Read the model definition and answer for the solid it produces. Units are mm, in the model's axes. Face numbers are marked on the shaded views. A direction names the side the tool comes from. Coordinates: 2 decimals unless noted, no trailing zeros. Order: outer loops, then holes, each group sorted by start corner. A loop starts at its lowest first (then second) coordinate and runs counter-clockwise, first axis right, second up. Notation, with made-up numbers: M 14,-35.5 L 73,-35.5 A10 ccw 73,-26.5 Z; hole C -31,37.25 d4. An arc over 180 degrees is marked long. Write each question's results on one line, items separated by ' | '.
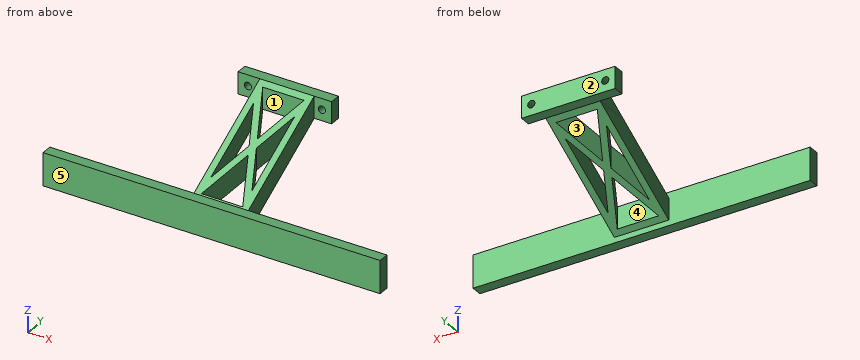
Autodesk Inventor part; units mm, degrees
ref_plane "YZ Plane" through (0, 0, 0) normal (1, 0, 0) x (0, 1, 0)
ref_plane "XZ Plane" through (0, 0, 0) normal (0, 1, 0) x (-1, 0, 0)
ref_plane "XY Plane" through (0, 0, 0) normal (0, 0, 1) x (1, 0, 0)
ref_plane "工作平面2" through (-119.683, -39.1814, 539.2089) normal (0, -1, 0) x (-0.0000021, 0, 1)
sketch "草图2" plane through (-119.683, -39.1814, 539.2089) normal (0, -1, 0) x (-0.0000021, 0, 1)
  line L0 (-31, -79.3909) -> (-41, -79.3909)
  line L1 (-41, -79.3909) -> (-41, -36.3909)
  line L2 (-41, -36.3909) -> (-31, -36.3909)
  line L3 (-31, -36.3909) -> (-31, -79.3909)
  circle A0 centre (-36, -74.8909) radius 1.65
  circle A1 centre (-36, -40.8909) radius 1.65
  point P0 (-539.2092, -119.6818)
  point P1 (0, 0)
  dimension "d0" = 10
  dimension "d1" = 43
  dimension "d2" = 5
  dimension "d3" = 4.5
extrude "拉伸1" add sketch "草图2" along normal blind 5
ref_plane "工作平面3" through (-119.683, -44.1814, 539.2089) normal (0, -1, 0) x (1, 0, 0.0000021)
sketch "草图4" plane through (-119.683, -44.1814, 539.2089) normal (0, -1, 0) x (1, 0, 0.0000021)
  line L0 (36.3909, -41) -> (79.3909, -41)
  line L1 (79.3909, -31) -> (36.3909, -31)
  line L2 (71.3909, -41) -> (46.3909, -41)
  line L3 (46.3909, -41) -> (46.3909, -31)
  line L4 (46.3909, -31) -> (71.3909, -31)
  line L5 (71.3909, -31) -> (71.3909, -41)
  line L6 (36.3909, -31) -> (36.3909, -41)
  point P0 (119.6818, -539.2092)
  point P1 (71.3909, -31)
  point P2 (46.3909, -41)
  dimension "d10" = 25
  dimension "d11" = 10
extrude "拉伸4" add sketch "草图4" along normal blind 50 contours L3 L1 L5 L0
sketch "草图5" plane through (-48.292, -94.1814, 508.2091) normal (1, 0, 0.0000021) x (0.0000021, 0, -1)
  line L0 (0, 50) -> (10, 50)
  line L1 (0, 50) -> (0, 0)
  line L2 (10, 0) -> (0, 0)
  line L3 (10, 50) -> (10, 0)
  line L4 (0, 50) -> (28.8675, 0)
  line L5 (28.8675, 0) -> (38.8675, 0)
  line L6 (38.8675, 0) -> (10, 50)
  point P0 (508.2092, 94.1814)
  point P1 (10, 32.6795)
  dimension "d29" = 30
extrude "拉伸5" add sketch "草图5" against normal blind 25 contours L6 L5 L4 L3
extrude "拉伸6" cut sketch "草图5" against normal blind 25 contours L4 L3 L2 L1
ref_plane "工作平面4" through (-40.292, -44.1814, 508.2091) normal (-0.0000021, 0, 1) x (1, 0, 0.0000021)
sketch "草图7" plane through (-40.292, -44.1814, 508.2091) normal (-0.0000021, 0, 1) x (1, 0, 0.0000021)
  line L0 (-8, 0) -> (-8, -50)
  line L1 (-33, 0) -> (-8, 0)
  line L2 (-33, -50) -> (-33, 0)
  line L3 (-8, -50) -> (-33, -50)
  line L4 (-40.6091, 5) -> (-2.3909, 5)
  line L5 (-33, 0) -> (-8, 0)
  line L6 (0, 0) -> (-8, 0)
  line L7 (0, 5) -> (0, 0)
  line L8 (0, 5) -> (-43, 5)
  line L9 (-43, 5) -> (-43, 0)
  line L10 (-33, 0) -> (-43, 0)
  line L11 (-8, 0) -> (-33, 0)
  line L12 (-33, 0) -> (-8, -50)
  line L13 (-33, -50) -> (-8, 0)
  line L14 (-31.3229, 0) -> (-8, -46.6459)
  line L15 (-33, -3.3541) -> (-9.6771, -50)
  line L16 (-33, -50) -> (-33, 0)
  line L17 (-33, -46.6459) -> (-9.6771, 0)
  line L18 (-8, -50) -> (-8, 0)
  line L19 (-8, -3.3541) -> (-31.3229, -50)
  line L20 (-30, 0) -> (-30, -50)
  line L21 (-11, -50) -> (-11, 0)
  line L22 (-30, -47.3541) -> (-11, -47.3541)
  line L23 (-30, -2.6459) -> (-11, -2.6459)
  point P0 (40.291, 44.1814)
  point P1 (-33, -46.6459)
  point P2 (-22.1771, -25)
  point P3 (-20.5, -28.3541)
  point P4 (-8, -3.3541)
  point P5 (-18.8229, -25)
  point P6 (-20.5, -21.6459)
  point P7 (-9.6771, 0)
  point P8 (-31.3229, 0)
  point P9 (-11, -40.6459)
  point P10 (-11, -9.3541)
  point P11 (-30, -9.3541)
  point P12 (-30, -40.6459)
  point P13 (-11, -2.6459)
  point P14 (-11, 0)
  point P15 (-30, 0)
  point P16 (-30, -2.6459)
  point P17 (-11, -47.3541)
  point P18 (-30, -47.3541)
  dimension "d44" = 1.5
  dimension "d45" = 1.5
  dimension "d47" = 3
  dimension "d48" = 3
extrude "拉伸8" cut sketch "草图7" against normal blind 50 contours L21 L14 L19 | L17 L14 L23 | L22 L19 L15 | L17 L20 L15
ref_plane "工作平面5" through (-48.2919, -94.1814, 469.3416) normal (0, -1, 0) x (1, 0, 0.0000021)
sketch "草图8" plane through (-48.2919, -94.1814, 469.3416) normal (0, -1, 0) x (1, 0, 0.0000021)
  line L0 (0, 10) -> (0, 0) construction
  line L1 (-25, 0) -> (-25, 10) construction
  line L2 (-90, -2.5) -> (65, -2.5)
  line L3 (65, -2.5) -> (65, 12.5)
  line L4 (65, 12.5) -> (-90, 12.5)
  line L5 (-90, 12.5) -> (-90, -2.5)
  line L6 (0, 10) -> (-25, 10)
  line L7 (0, 0) -> (-25, 0)
  line L8 (0, 10) -> (-25, 10)
  line L9 (0, 0) -> (-25, 0)
  point P0 (48.291, -469.3417)
  dimension "d40" = 155
  dimension "d41" = 65
  dimension "d49" = 15
  dimension "d50" = 2.5
extrude "拉伸9" add sketch "草图8" along normal blind 5
properties part number "起落架 新"
(1) The part is cut by section A-A, the plane x = -65. Write down the section's boundary in (y, z), then the cut area to 3 significant figures.
Conclusion:
outline: M -99.18,466.84 L -94.18,466.84 L -94.18,469.34 L -91.54,470.87 L -91.54,480.87 L -94.18,479.34 L -94.18,481.84 L -99.18,481.84 Z; M -80.95,476.98 L -74.24,480.85 L -74.24,490.85 L -80.95,486.98 Z; M -64.12,486.7 L -57.41,490.57 L -57.41,500.57 L -64.12,496.7 Z; M -46.83,496.68 L -44.18,498.21 L -39.18,498.21 L -39.18,508.21 L -44.18,508.21 L -46.83,506.68 Z | area: 312 mm²
(2) The part is cut by section B-B, the plane y = -82. Write down the section's boundary in (x, z).
Conclusion:
outline: M -73.29,476.37 L -70.29,476.37 L -70.29,486.37 L -73.29,486.37 Z; M -68.88,476.37 L -65.52,476.37 L -65.52,486.37 L -68.88,486.37 Z; M -56.06,476.37 L -52.71,476.37 L -52.71,486.37 L -56.06,486.37 Z; M -51.29,476.37 L -48.29,476.37 L -48.29,486.37 L -51.29,486.37 Z
(3) Given pin 1 (6 mm diameter, centred on x = -70.5, z = 479.5, fed in from +Y); pin 2 (1.5 mm diameter, centred on y = -41, z = 504, fed in from +X); pin 3 (14.5 mm diameter, centred on y = -76.5, z = 481, fed in from -X); pin 4 (4 mm diameter, centred on x = -78.79, z = 503.21, fed in from +Y), each flat-ended and moving along its own axis, determine where each tip first touches the part or whether it passes through.
Conclusion:
pin 1: y = -71.39 | pin 2: x = -40.29 | pin 3: x = -73.29 | pin 4: y = -39.18
(4) For the marked faces 4 and 5, determine the directions among +Z, -Z, +X, -X, +Y, -Y from which every point of the face is accessible in a straight line to the end or side of a thin tool.
Conclusion:
face 4: +Z, -Z | face 5: +Z, -Z, +X, -X, -Y
(5) The part is cut by section D-D, the plane y = -71. Write down the section's boundary in (x, z).
Conclusion:
outline: M -73.29,482.73 L -70.29,482.73 L -70.29,492.73 L -73.29,492.73 Z; M -63.38,482.73 L -58.21,482.73 L -58.21,492.73 L -63.38,492.73 Z; M -51.29,482.73 L -48.29,482.73 L -48.29,492.73 L -51.29,492.73 Z
(6) The part is cut by section C-C, the plane y = -88. Write down the section's boundary in (x, z).
Conclusion:
outline: M -73.29,472.91 L -68.52,472.91 L -68.52,482.91 L -73.29,482.91 Z; M -53.06,472.91 L -48.29,472.91 L -48.29,482.91 L -53.06,482.91 Z
(7) The mould has two halves that part along X. Classify the marked faces 1, 2 and 3: pulls with the +X half, pulls with the -X half, needs draft (parallel to the pull), parting line crosses it, or undercut.
Conclusion:
face 1: undercut | face 2: needs draft | face 3: undercut
(8) Straight lines are drawn through the part: line 1 (X direction, y = -71.5, z = 488.5); line 2 (X direction, y = -84, z = 482.5); line 3 (X direction, y = -60, z = 494). For each, find the intervals that lie inside material, in ascending order.
Conclusion:
line 1: -73.29 to -70.29, -63.63 to -57.96, -51.29 to -48.29 | line 2: -73.29 to -70.29, -69.88 to -66.52, -55.06 to -51.71, -51.29 to -48.29 | line 3: -73.29 to -70.29, -67.06 to -63.71, -57.88 to -54.52, -51.29 to -48.29
......
### WHAT THIS TASK INVOLVES
Only lines containing the word "undercut" should be copied from the material above.

### RESPONSE AREA
(7) The mould has two halves that part along X. Classify the marked faces 1, 2 and 3: pulls with the +X half, pulls with the -X half, needs draft (parallel to the pull), parting line crosses it, or undercut.
face 1: undercut | face 2: needs draft | face 3: undercut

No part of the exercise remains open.